Was I angry at God? Had I allowed a root of bitterness to form in my heart at God? I was hurt and angry that He'd allowed cancer into my life but I'd come to terms with it, or so I thought. Had I truly accepted God's sovereignty over my life?
I don't think it was a coincidence that I had painted this tree with the massive root system. I've been reading the book, The Bait of Satan, by John Bevere, and in that book, Mr. Bevere helps his readers understand the way Satan uses offenses to cause us to fall into the sin of unforgiveness. Unforgiveness and bitterness go hand in hand. Was God trying to emphasize something to me?

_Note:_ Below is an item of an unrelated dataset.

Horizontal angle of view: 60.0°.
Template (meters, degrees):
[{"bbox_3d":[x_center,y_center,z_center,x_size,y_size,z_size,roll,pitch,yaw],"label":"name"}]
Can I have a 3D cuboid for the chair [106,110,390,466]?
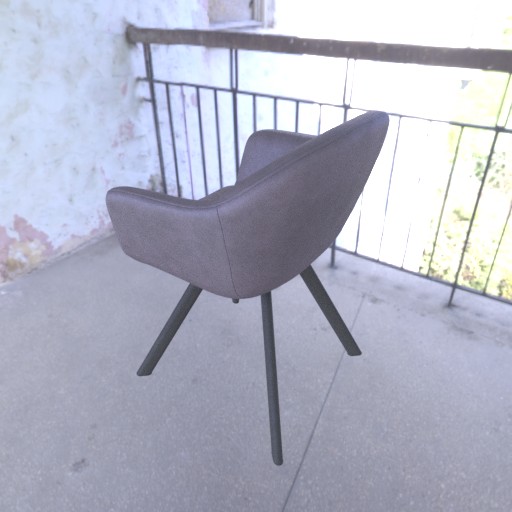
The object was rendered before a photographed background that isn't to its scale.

As I finished up my painting and washed my brushes clean, I could almost hear God whisper to my heart, "You have some roots of bitterness you need to deal with, my child." I put my art supplies away and took my Bible from the shelf. I read Psalm 139:23-24, "Search me, O God, and know my heart; test me and know my anxious thoughts. See if there is any offensive way in me, and lead me in the way everlasting." I know in the next few days, He will reveal to me any unforgiveness or bitterness I've harbored. When He does, I'll intentionally forgive and release those hurts from my heart. I'll allow His perfect grace and mercy to flood my soul and cleanse it, replacing the hurt with His love.
It's so important to forgive quickly. When I was first married, my great Aunt gave me a set of sheets as a wedding gift. Along the top edge of the sheets she had written, " Be angry, but do not sin; do not let the sun go down on your anger." Ephesians 4:26. I'll never forget how I felt when I first saw those sheets. They were a beautiful, pale shade of sun-kissed yellow. Though it's been almost 40 years since I unfolded her sweet gift and placed them on my bed, I can still see her beautiful penmanship in my mind. What a sweet reminder to always be quick to forgive and slow to anger. In so doing, we can keep those little seeds of bitterness from ever taking root in our heart.
I glanced down at the 3 canvases lying on my kitchen table. I'd completed my collage and I was pleased. It amazes me how God can use the simplest of things to speak to my heart on a daily basis. He used those roots to illuminate my heart. Do you have any unconfessed hurts or roots of bitterness in your heart today? You can't discover them on your own. The only way you can know is to ask God to reveal them to you. When He does, be quick to forgive, forget, and release those harbored hurts into His loving arms of grace. You don't want your heart to ever hide roots of bitterness. Even one tiny root can cause great devastation and destruction in your life.
Evidence of a root of bitterness include hypersensitivity, a critical spirit, holding grudges, inability to forgive, mood swings, and even depression. A root of bitterness will affect you not only physically, but also emotionally and spiritually. "Let all bitterness and wrath and anger and clamor and slander be put away from you, along with all malice." (Ephesians 4:31) Bitterness is like an acid slowly destroying the container that holds it. Don't let bitterness take root in your heart. If someone hurts you, quickly forgive them. Sometimes they may not even know they hurt you, so be sure to check your spirit. Don't give Satan the bait to allow you to hold onto an offense. When you release the offender and let it go, you free yourself too.